■ **PROBLEM DETAILS**
Produce as output only the lines below starting at the line with "3. LEGO set [424,20,553,148]" and continuing through the line with "11. ink cartridge box [622,337,719,491]", each one exactly as written.

DATA Block Start

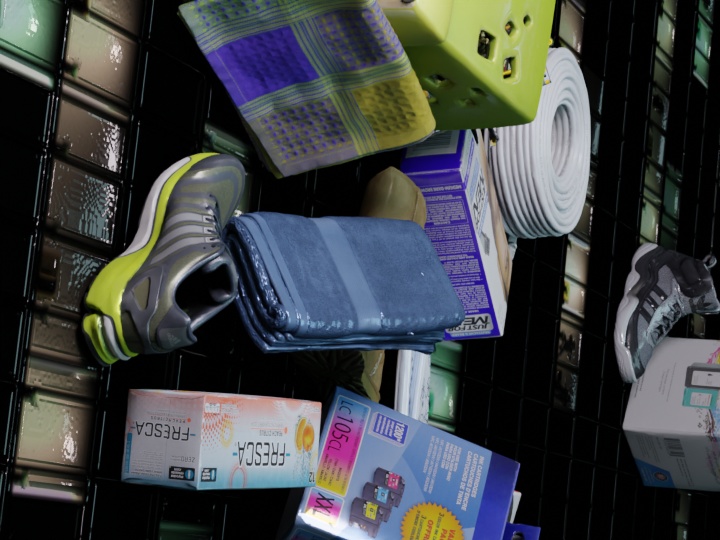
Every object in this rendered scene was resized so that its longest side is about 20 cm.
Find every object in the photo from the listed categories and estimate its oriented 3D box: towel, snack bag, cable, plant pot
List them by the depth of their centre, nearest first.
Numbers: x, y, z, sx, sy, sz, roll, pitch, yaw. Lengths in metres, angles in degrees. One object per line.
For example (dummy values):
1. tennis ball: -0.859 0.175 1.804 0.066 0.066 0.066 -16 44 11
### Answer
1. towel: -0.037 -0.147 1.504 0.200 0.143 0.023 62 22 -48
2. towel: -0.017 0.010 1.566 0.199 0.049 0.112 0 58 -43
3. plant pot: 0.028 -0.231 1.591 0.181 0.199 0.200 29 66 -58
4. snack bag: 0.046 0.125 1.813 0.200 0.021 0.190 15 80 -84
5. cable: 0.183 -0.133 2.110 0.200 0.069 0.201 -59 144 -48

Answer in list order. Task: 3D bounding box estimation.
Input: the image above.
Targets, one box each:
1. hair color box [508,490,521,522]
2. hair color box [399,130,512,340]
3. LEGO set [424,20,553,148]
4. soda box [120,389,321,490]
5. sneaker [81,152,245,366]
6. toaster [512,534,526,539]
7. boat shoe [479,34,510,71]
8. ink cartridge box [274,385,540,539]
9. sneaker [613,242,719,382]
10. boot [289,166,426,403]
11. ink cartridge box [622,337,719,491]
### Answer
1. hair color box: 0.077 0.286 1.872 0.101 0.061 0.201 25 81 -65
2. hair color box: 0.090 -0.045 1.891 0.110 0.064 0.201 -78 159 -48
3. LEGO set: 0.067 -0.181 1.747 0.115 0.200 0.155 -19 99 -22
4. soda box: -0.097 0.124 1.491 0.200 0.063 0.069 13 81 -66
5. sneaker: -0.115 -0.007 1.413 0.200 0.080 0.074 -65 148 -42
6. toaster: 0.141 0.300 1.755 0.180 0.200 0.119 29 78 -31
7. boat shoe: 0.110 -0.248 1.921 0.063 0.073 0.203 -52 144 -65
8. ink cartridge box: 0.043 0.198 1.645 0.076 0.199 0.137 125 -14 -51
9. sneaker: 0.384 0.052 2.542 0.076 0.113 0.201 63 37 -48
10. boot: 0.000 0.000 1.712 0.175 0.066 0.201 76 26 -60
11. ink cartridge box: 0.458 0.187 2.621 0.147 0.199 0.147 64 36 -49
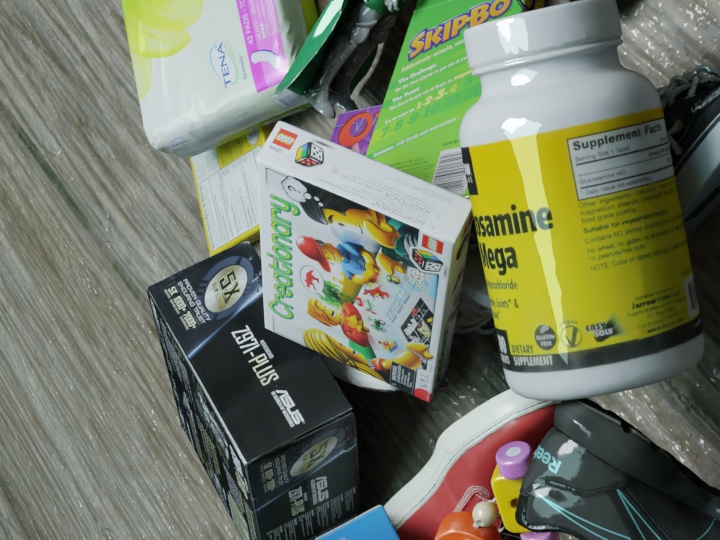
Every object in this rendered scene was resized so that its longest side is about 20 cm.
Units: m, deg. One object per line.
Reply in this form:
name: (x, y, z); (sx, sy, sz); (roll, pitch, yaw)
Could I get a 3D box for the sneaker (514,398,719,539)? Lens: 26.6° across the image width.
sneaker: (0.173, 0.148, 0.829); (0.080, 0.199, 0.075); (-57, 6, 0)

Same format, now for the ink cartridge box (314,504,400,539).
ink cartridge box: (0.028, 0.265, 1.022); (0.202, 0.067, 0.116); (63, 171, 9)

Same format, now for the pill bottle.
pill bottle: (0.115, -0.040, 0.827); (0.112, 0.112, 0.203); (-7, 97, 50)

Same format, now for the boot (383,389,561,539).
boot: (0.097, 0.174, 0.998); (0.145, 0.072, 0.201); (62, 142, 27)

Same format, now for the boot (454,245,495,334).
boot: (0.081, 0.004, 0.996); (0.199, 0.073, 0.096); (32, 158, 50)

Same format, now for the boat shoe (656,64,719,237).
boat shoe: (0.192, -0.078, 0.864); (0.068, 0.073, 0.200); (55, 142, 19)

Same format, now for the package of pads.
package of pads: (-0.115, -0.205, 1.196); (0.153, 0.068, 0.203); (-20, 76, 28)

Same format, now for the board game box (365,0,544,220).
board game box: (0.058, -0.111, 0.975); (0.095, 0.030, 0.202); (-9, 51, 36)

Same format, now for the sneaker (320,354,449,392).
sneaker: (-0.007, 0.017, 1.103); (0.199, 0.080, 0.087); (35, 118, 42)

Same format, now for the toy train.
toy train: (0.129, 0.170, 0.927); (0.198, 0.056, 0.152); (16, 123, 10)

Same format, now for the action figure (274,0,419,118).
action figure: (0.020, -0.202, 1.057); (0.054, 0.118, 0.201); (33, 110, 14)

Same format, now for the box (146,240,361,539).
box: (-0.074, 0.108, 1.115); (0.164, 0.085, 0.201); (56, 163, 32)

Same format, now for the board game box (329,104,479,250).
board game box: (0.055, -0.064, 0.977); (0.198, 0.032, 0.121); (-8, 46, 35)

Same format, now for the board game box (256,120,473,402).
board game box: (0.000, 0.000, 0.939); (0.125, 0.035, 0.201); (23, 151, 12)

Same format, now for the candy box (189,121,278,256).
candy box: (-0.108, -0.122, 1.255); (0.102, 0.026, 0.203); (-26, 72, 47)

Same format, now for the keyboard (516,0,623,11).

DATA Block End

■ **EXERCISE ANSWER**
3. LEGO set [424,20,553,148]
4. soda box [120,389,321,490]
5. sneaker [81,152,245,366]
6. toaster [512,534,526,539]
7. boat shoe [479,34,510,71]
8. ink cartridge box [274,385,540,539]
9. sneaker [613,242,719,382]
10. boot [289,166,426,403]
11. ink cartridge box [622,337,719,491]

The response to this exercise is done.